EXTRACTED DATA:
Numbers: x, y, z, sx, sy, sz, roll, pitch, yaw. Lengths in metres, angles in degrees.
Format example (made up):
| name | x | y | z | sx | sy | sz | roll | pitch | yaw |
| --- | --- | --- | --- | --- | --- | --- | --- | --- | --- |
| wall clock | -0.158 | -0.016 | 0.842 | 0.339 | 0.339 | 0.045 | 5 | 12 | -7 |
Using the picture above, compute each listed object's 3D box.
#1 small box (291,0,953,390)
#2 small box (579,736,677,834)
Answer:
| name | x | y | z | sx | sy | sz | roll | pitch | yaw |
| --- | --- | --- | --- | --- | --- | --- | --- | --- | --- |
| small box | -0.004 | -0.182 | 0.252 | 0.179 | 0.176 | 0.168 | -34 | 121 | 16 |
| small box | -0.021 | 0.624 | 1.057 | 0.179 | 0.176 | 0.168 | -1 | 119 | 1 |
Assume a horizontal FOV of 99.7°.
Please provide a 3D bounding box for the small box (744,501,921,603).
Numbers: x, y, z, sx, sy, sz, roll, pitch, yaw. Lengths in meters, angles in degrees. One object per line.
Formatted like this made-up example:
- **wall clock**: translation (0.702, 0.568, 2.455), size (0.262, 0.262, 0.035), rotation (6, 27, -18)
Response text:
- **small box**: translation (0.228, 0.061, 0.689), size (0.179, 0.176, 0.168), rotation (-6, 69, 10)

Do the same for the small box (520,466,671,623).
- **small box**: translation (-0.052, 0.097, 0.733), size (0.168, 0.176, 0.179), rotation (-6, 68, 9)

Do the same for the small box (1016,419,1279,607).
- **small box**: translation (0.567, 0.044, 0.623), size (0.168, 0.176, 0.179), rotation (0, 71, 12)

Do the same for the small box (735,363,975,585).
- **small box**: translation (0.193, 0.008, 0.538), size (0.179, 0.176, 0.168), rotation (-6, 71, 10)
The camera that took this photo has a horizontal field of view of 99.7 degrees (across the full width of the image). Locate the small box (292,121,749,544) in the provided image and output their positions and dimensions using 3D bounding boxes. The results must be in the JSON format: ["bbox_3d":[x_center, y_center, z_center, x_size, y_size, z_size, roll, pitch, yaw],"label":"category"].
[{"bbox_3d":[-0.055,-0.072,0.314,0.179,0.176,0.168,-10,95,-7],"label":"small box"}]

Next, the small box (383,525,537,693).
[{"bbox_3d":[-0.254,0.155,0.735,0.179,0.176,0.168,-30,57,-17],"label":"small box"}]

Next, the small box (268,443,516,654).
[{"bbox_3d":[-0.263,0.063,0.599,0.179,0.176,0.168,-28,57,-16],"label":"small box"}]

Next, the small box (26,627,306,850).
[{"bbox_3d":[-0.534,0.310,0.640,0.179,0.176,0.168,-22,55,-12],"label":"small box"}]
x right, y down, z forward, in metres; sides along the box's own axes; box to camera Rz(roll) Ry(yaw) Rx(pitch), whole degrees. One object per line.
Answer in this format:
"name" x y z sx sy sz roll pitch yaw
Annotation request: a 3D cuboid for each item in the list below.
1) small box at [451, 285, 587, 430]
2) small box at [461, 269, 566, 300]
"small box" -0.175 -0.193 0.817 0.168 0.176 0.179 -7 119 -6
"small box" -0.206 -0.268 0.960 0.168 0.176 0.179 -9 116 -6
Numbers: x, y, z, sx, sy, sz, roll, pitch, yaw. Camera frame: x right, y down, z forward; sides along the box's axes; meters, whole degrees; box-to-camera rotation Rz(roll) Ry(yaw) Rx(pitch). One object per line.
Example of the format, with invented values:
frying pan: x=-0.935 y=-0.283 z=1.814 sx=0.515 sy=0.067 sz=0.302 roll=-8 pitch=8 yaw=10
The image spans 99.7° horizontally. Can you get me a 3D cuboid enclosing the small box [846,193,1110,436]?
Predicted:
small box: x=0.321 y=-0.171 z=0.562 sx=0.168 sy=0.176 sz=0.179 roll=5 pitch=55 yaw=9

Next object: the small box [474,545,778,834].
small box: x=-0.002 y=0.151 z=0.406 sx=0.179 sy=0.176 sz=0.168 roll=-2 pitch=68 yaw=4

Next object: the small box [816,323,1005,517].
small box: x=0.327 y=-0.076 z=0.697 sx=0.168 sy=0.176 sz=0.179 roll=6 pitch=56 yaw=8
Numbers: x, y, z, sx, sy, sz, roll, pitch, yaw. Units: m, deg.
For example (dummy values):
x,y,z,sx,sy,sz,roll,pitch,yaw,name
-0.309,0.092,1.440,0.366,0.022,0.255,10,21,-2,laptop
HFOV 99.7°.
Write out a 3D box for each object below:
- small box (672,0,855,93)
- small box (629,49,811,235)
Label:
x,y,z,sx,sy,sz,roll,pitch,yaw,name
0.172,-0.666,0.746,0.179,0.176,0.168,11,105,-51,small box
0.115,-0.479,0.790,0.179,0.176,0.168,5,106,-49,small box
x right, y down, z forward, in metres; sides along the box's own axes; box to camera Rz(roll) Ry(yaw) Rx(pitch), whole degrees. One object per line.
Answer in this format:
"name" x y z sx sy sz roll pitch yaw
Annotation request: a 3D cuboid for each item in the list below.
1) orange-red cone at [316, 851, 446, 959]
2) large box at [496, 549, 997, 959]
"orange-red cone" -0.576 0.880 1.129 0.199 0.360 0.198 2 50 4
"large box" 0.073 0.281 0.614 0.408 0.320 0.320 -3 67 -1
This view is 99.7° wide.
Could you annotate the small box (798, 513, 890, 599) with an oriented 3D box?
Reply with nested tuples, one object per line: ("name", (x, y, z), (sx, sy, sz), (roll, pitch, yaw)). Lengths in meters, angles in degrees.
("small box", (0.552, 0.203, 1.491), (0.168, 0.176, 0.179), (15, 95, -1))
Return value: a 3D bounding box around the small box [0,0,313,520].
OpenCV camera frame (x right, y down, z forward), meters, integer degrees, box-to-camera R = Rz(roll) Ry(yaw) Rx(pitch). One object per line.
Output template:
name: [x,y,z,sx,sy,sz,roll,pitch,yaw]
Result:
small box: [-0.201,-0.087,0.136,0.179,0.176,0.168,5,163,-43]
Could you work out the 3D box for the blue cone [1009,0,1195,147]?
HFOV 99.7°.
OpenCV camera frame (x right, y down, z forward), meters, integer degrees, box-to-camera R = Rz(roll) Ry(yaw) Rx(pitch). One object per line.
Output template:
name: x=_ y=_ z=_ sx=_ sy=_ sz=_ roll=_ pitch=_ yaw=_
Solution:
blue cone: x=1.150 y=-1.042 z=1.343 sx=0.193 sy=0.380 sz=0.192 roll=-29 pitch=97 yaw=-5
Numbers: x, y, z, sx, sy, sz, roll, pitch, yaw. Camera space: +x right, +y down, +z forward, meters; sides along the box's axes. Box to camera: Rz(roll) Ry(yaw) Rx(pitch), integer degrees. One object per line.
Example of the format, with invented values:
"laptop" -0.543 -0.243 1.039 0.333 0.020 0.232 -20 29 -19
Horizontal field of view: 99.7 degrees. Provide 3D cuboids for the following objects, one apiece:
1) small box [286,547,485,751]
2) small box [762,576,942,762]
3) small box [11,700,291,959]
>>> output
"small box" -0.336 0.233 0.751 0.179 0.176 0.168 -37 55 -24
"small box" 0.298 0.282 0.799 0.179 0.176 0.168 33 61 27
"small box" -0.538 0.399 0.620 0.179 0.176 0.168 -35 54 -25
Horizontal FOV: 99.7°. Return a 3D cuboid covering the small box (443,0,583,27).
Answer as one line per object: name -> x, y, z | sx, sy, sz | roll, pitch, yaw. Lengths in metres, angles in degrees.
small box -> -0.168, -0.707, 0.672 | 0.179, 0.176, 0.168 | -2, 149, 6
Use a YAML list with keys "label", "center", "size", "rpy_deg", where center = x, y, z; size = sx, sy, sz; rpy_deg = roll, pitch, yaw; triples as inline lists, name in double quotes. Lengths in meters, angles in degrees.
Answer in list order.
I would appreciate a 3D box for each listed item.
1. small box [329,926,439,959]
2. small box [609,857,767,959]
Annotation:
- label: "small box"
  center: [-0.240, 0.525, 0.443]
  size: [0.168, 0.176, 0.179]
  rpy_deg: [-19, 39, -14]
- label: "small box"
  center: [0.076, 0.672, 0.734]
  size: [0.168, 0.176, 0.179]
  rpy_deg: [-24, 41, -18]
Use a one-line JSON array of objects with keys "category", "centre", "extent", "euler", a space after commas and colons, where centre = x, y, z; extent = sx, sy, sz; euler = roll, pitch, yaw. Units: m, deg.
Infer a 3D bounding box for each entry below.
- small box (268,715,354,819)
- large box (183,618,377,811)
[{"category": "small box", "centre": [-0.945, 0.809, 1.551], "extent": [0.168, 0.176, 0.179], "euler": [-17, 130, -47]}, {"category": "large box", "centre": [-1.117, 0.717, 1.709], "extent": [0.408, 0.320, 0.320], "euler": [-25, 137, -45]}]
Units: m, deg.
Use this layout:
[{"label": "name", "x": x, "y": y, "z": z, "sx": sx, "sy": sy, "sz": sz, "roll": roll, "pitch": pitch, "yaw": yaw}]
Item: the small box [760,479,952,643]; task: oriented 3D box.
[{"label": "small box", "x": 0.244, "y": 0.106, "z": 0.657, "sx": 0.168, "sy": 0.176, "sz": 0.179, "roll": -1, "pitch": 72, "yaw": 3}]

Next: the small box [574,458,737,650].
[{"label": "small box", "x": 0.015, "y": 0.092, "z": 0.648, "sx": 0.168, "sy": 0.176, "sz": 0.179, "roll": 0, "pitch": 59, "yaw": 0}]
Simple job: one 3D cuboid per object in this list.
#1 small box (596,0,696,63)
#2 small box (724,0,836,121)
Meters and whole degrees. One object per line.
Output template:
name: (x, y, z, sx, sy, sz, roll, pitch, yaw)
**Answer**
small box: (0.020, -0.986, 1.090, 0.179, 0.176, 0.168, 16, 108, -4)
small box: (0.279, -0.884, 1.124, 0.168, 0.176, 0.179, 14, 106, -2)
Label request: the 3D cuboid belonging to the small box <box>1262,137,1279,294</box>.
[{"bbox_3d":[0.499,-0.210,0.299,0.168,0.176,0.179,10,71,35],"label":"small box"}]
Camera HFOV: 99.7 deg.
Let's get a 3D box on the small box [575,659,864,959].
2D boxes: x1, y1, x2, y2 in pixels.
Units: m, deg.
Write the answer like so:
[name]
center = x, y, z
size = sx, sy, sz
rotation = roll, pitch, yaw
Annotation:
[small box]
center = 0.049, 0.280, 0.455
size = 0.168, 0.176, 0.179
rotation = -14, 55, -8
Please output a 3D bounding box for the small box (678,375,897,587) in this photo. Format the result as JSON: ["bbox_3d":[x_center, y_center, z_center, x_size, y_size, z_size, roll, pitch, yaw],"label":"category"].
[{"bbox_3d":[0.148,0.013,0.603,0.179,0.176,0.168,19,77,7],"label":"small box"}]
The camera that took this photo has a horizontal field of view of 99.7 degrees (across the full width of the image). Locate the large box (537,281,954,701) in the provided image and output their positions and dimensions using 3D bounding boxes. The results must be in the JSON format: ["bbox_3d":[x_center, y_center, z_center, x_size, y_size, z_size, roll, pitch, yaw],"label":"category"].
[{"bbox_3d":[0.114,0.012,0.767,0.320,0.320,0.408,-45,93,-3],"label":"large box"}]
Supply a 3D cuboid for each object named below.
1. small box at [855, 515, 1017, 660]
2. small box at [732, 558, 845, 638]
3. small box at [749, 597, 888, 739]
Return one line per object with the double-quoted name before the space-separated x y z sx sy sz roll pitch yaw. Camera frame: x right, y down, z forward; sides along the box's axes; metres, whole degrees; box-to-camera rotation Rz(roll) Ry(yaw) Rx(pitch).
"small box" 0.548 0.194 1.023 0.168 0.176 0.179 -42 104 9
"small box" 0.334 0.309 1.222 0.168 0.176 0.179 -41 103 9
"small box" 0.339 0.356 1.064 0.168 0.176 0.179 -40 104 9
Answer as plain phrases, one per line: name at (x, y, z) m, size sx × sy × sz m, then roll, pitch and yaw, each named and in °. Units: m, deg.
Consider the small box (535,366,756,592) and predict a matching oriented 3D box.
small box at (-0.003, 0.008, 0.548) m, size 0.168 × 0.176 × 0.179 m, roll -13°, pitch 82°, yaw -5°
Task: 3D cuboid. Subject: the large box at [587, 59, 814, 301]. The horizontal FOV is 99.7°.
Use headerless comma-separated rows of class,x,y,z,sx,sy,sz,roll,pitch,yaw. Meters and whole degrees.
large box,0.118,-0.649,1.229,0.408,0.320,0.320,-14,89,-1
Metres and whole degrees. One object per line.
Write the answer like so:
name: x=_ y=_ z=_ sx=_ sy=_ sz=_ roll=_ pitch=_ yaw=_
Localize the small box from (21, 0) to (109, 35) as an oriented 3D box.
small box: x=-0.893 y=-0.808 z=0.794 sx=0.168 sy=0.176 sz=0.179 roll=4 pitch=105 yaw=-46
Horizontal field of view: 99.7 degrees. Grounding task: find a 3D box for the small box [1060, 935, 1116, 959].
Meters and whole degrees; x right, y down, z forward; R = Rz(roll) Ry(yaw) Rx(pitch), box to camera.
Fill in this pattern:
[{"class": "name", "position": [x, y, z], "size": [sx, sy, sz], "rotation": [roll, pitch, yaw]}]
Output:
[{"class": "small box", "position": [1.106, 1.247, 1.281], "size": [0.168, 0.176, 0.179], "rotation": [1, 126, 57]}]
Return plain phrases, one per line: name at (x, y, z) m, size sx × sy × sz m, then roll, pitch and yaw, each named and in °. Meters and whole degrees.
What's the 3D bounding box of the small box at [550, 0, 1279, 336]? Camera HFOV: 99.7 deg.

AIM OF THE TASK:
Set down, exactly as they stand above, the lines starting with the line with "3) small box [11,700,291,959]" and going on through the line with "- small box (268,715,354,819)", and no others.

WRITTEN SOLUTION:
3) small box [11,700,291,959]
>>> output
"small box" -0.336 0.233 0.751 0.179 0.176 0.168 -37 55 -24
"small box" 0.298 0.282 0.799 0.179 0.176 0.168 33 61 27
"small box" -0.538 0.399 0.620 0.179 0.176 0.168 -35 54 -25
Horizontal FOV: 99.7°. Return a 3D cuboid covering the small box (443,0,583,27).
Answer as one line per object: name -> x, y, z | sx, sy, sz | roll, pitch, yaw. Lengths in metres, angles in degrees.
small box -> -0.168, -0.707, 0.672 | 0.179, 0.176, 0.168 | -2, 149, 6
Use a YAML list with keys "label", "center", "size", "rpy_deg", where center = x, y, z; size = sx, sy, sz; rpy_deg = roll, pitch, yaw; triples as inline lists, name in double quotes. Lengths in meters, angles in degrees.
Answer in list order.
I would appreciate a 3D box for each listed item.
1. small box [329,926,439,959]
2. small box [609,857,767,959]
Annotation:
- label: "small box"
  center: [-0.240, 0.525, 0.443]
  size: [0.168, 0.176, 0.179]
  rpy_deg: [-19, 39, -14]
- label: "small box"
  center: [0.076, 0.672, 0.734]
  size: [0.168, 0.176, 0.179]
  rpy_deg: [-24, 41, -18]
Use a one-line JSON array of objects with keys "category", "centre", "extent", "euler", a space after commas and colons, where centre = x, y, z; extent = sx, sy, sz; euler = roll, pitch, yaw. Units: m, deg.
Infer a 3D bounding box for each entry below.
- small box (268,715,354,819)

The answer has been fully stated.